Pola asuh yang dikenal dengan istilah “helicopter parenting” telah menjadi topik yang semakin populer dalam beberapa tahun terakhir. Istilah ini digunakan untuk menggambarkan orang tua yang terlalu terlibat dan terlalu protektif dalam kehidupan anak-anak mereka. Gaya pengasuhan ini melebihi batas yang sesuai dengan usia anak dan dapat memiliki dampak negatif pada perkembangan mereka.

Pentingnya Keterlibatan Orang Tua

Tidak dapat disangkal bahwa keterlibatan orang tua dalam kehidupan anak sangat penting. Menurut psikolog Emily Guarnotta, pola asuh yang baik melibatkan pengawasan dan bimbingan yang tepat sesuai dengan usia anak. Namun, helicopter parenting terjadi ketika orang tua terus-menerus mengendalikan, memantau, dan mencampuri kehidupan anak mereka, yang pada akhirnya dapat menghambat perkembangan anak.

Contoh-contoh Helicopter Parenting

Berikut adalah beberapa contoh praktik pola asuh helicopter parenting berdasarkan usia anak:

  1. Batita: Tidak membolehkan bayi merasakan pengalaman baru, seperti bermain di lingkungan yang sedikit berantakan. Selain itu, reaksi yang berlebihan terhadap kesalahan kecil atau penggunaan kata “jangan” yang berlebihan juga termasuk dalam pola asuh ini.
  2. Balita: Terus berada di dekat anak saat mereka bermain dengan teman sebaya, tidak membiarkan mereka menyelesaikan masalah sendiri, dan terus mengarahkan mereka saat bermain, adalah beberapa contoh helicopter parenting pada usia ini.
  3. Usia sekolah: Membantu anak saat makan dengan berlebihan, terlibat dalam pertengkaran anak dengan teman-teman mereka, memilihkan teman dan aktivitas sosial untuk anak, dan mengiming-imingi mereka dengan hadiah untuk mengikuti kegiatan tertentu adalah contoh-contoh pola asuh helicopter parenting pada usia sekolah.
  4. Usia remaja: Menyelesaikan proyek sekolah atau pekerjaan rumah anak, membersihkan atau merapikan ruangan mereka, membuat dalih untuk perilaku buruk anak, dan membuat keputusan besar untuk anak adalah contoh-contoh helicopter parenting pada usia remaja.

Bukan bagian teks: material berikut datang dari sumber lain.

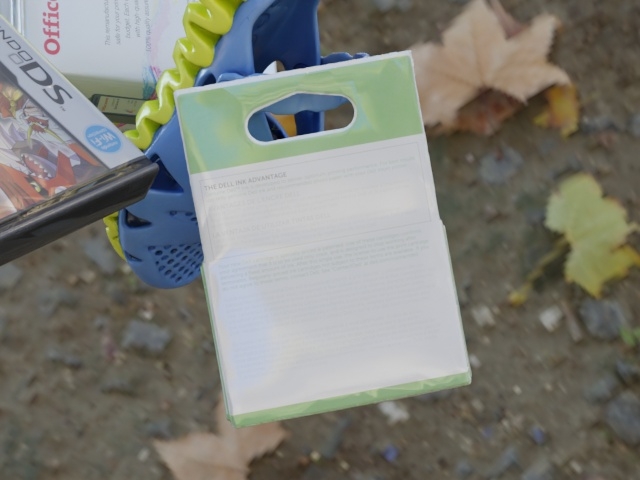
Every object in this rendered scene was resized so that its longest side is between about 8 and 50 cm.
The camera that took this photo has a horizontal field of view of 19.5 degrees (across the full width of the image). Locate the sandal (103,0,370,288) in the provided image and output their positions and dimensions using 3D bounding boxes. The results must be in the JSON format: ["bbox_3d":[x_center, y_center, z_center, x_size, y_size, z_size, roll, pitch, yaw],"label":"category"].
[{"bbox_3d":[-0.060,-0.072,1.367,0.138,0.126,0.317,42,132,18],"label":"sandal"}]

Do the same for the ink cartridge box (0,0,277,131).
[{"bbox_3d":[-0.153,-0.174,1.523,0.093,0.212,0.154,135,134,-56],"label":"ink cartridge box"}]

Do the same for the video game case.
[{"bbox_3d":[-0.273,-0.076,1.138,0.248,0.275,0.035,44,130,15],"label":"video game case"}]

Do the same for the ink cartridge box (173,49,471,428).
[{"bbox_3d":[0.000,0.000,1.287,0.171,0.056,0.235,-10,91,-4],"label":"ink cartridge box"}]

Dampak Buruk Helicopter Parenting

Pola asuh helicopter parenting dapat memiliki dampak negatif pada anak. Studi menunjukkan bahwa anak-anak yang dibesarkan dengan pola asuh ini cenderung memiliki kepercayaan diri yang rendah, kesulitan dalam mengelola stres, tingkat kecemasan dan depresi yang lebih tinggi, kurangnya empati dan keterampilan sosial, serta lebih berisiko dalam penggunaan obat-obatan terlarang.

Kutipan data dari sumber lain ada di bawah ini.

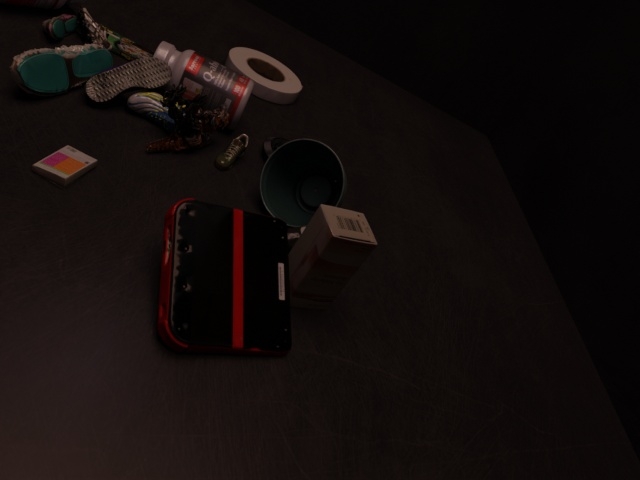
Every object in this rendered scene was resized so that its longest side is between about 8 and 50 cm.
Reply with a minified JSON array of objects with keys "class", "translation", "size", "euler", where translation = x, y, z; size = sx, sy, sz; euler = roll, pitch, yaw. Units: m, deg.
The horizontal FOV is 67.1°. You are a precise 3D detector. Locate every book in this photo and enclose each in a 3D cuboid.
[{"class":"book","translation":[-0.705,-0.210,1.337],"size":[0.096,0.035,0.144],"euler":[28,34,-3]}]

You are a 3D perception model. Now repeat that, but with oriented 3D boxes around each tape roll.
[{"class":"tape roll","translation":[-0.277,-0.811,2.374],"size":[0.392,0.072,0.392],"euler":[22,36,-17]}]

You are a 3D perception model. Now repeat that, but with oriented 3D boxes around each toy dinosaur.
[{"class":"toy dinosaur","translation":[-0.439,-0.390,1.639],"size":[0.164,0.218,0.322],"euler":[13,47,14]}]

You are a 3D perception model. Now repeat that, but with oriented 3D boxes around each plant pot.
[{"class":"plant pot","translation":[-0.036,-0.183,1.666],"size":[0.293,0.293,0.196],"euler":[44,9,14]}]

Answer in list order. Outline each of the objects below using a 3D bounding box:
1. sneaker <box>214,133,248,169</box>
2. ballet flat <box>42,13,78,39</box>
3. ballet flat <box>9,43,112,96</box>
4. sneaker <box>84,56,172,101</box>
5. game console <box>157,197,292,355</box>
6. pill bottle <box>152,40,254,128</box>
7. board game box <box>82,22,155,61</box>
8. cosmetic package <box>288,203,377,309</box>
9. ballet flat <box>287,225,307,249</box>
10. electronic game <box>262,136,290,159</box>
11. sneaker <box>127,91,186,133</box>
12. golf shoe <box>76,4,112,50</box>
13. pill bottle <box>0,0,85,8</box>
[{"class":"sneaker","translation":[-0.317,-0.329,1.745],"size":[0.064,0.086,0.192],"euler":[33,35,-2]},{"class":"ballet flat","translation":[-0.981,-0.800,1.799],"size":[0.079,0.077,0.221],"euler":[8,34,-5]},{"class":"ballet flat","translation":[-0.859,-0.561,1.579],"size":[0.147,0.147,0.409],"euler":[35,32,2]},{"class":"sneaker","translation":[-0.668,-0.563,1.662],"size":[0.293,0.102,0.146],"euler":[-24,29,-23]},{"class":"game console","translation":[-0.231,0.093,1.229],"size":[0.342,0.060,0.386],"euler":[13,63,-35]},{"class":"pill bottle","translation":[-0.456,-0.592,1.844],"size":[0.363,0.210,0.210],"euler":[23,36,-15]},{"class":"board game box","translation":[-0.806,-0.788,1.954],"size":[0.259,0.030,0.136],"euler":[26,38,-12]},{"class":"cosmetic package","translation":[0.010,0.055,1.366],"size":[0.153,0.296,0.129],"euler":[9,43,-30]},{"class":"ballet flat","translation":[0.000,0.000,1.557],"size":[0.280,0.096,0.095],"euler":[19,39,-37]},{"class":"electronic game","translation":[-0.130,-0.329,1.931],"size":[0.229,0.048,0.229],"euler":[27,38,-23]},{"class":"sneaker","translation":[-0.547,-0.442,1.694],"size":[0.240,0.091,0.126],"euler":[2,50,-35]},{"class":"golf shoe","translation":[-0.869,-0.806,1.854],"size":[0.094,0.077,0.198],"euler":[-18,84,-42]},{"class":"pill bottle","translation":[-1.095,-0.990,1.787],"size":[0.229,0.229,0.407],"euler":[45,36,16]}]

Gaya Parenting yang Paling Efektif

Sebagai orang tua, penting untuk menemukan gaya parenting yang paling efektif bagi anak kita. Meskipun setiap orang tua memiliki gaya pengasuhan yang berbeda, banyak pakar setuju bahwa gaya parenting otoritatif adalah yang paling baik. Gaya pengasuhan otoritatif melibatkan pendekatan yang suportif, komunikatif, dan memberikan batasan yang wajar kepada anak. Anak-anak yang dibesarkan dengan pola asuh otoritatif cenderung memiliki kepercayaan diri yang tinggi, keterampilan sosial yang baik, dan kemampuan yang baik dalam menyelesaikan masalah dalam hidup.

Menyimpulkan Dampak dan Rekomendasi Gaya Parenting yang Efektif

Secara keseluruhan, helicopter parenting adalah pola asuh yang hiperprotektif dan berlebihan dalam keterlibatan orang tua dalam kehidupan anak. Pola asuh ini dapat memiliki dampak negatif pada perkembangan anak. Oleh karena itu, penting bagi orang tua untuk mencari keseimbangan antara melindungi anak mereka dan memberikan kebebasan dan tanggung jawab yang tepat sesuai dengan usia mereka. Gaya parenting otoritatif adalah pendekatan yang lebih efektif dalam membantu anak-anak tumbuh dan berkembang dengan baik.